■ Work item
Would you please copy the entries exactly, leaving every picture aside?

■ Dataset records
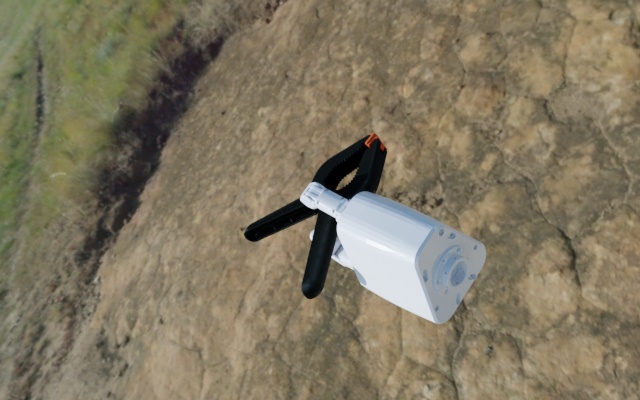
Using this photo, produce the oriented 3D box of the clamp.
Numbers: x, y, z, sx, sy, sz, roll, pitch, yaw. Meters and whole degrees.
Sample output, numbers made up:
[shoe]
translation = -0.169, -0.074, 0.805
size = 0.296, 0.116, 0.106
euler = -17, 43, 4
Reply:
[clamp]
translation = 0.000, 0.001, 0.587
size = 0.164, 0.210, 0.036
euler = 24, -17, 47
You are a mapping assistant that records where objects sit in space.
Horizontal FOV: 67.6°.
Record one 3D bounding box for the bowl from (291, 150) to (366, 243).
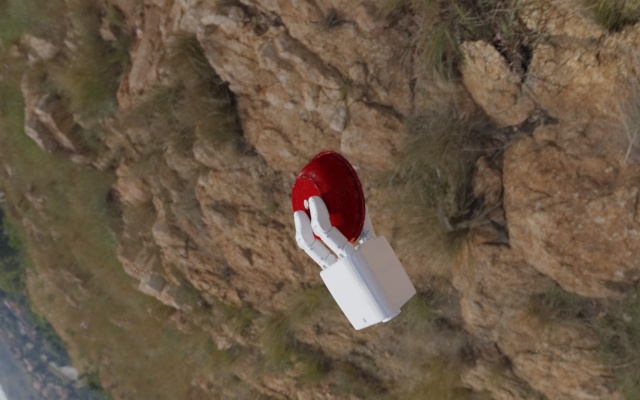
[{"bbox_3d":[-0.001,0.002,0.771,0.055,0.162,0.162,-12,7,-34],"label":"bowl"}]
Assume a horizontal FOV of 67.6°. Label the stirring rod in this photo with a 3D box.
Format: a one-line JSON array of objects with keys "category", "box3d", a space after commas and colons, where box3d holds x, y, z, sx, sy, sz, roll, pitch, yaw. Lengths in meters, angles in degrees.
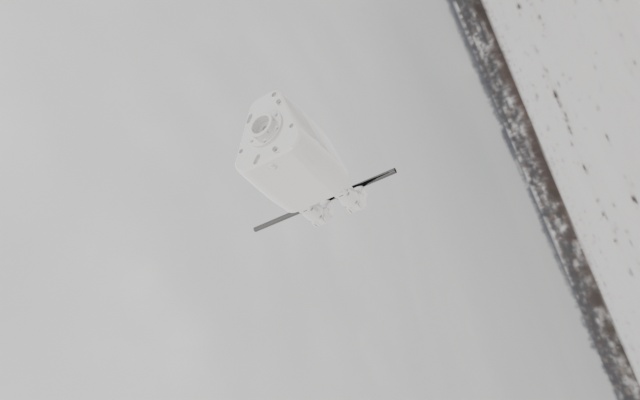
[{"category": "stirring rod", "box3d": [0.000, 0.002, 0.697, 0.239, 0.011, 0.011, -23, -9, 23]}]
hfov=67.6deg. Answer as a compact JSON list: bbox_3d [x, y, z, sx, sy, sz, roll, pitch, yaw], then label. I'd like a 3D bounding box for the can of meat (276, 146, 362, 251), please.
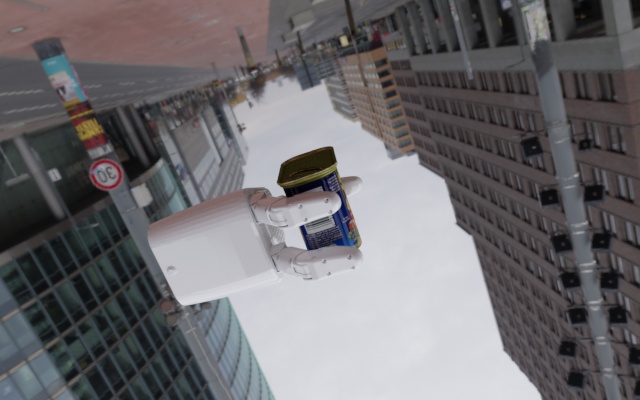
[{"bbox_3d":[0.000,0.002,0.466,0.057,0.084,0.102,-19,17,4],"label":"can of meat"}]

■ Problem solution
Using this photo, produce the oriented 3D box of the clamp.
Numbers: x, y, z, sx, sy, sz, roll, pitch, yaw. Meters and whole degrees.
Sample output, numbers made up:
[shoe]
translation = -0.169, -0.074, 0.805
size = 0.296, 0.116, 0.106
euler = -17, 43, 4
Reply:
[clamp]
translation = 0.000, 0.001, 0.587
size = 0.164, 0.210, 0.036
euler = 24, -17, 47
You are a mapping assistant that records where objects sit in space.
Horizontal FOV: 67.6°.
Record one 3D bounding box for the bowl from (291, 150) to (366, 243).
[{"bbox_3d":[-0.001,0.002,0.771,0.055,0.162,0.162,-12,7,-34],"label":"bowl"}]
Assume a horizontal FOV of 67.6°. Label the stirring rod in this photo with a 3D box.
Format: a one-line JSON array of objects with keys "category", "box3d", a space after commas and colons, where box3d holds x, y, z, sx, sy, sz, roll, pitch, yaw. Lengths in meters, angles in degrees.
[{"category": "stirring rod", "box3d": [0.000, 0.002, 0.697, 0.239, 0.011, 0.011, -23, -9, 23]}]
hfov=67.6deg. Answer as a compact JSON list: bbox_3d [x, y, z, sx, sy, sz, roll, pitch, yaw], then label. I'd like a 3D bounding box for the can of meat (276, 146, 362, 251), please.
[{"bbox_3d":[0.000,0.002,0.466,0.057,0.084,0.102,-19,17,4],"label":"can of meat"}]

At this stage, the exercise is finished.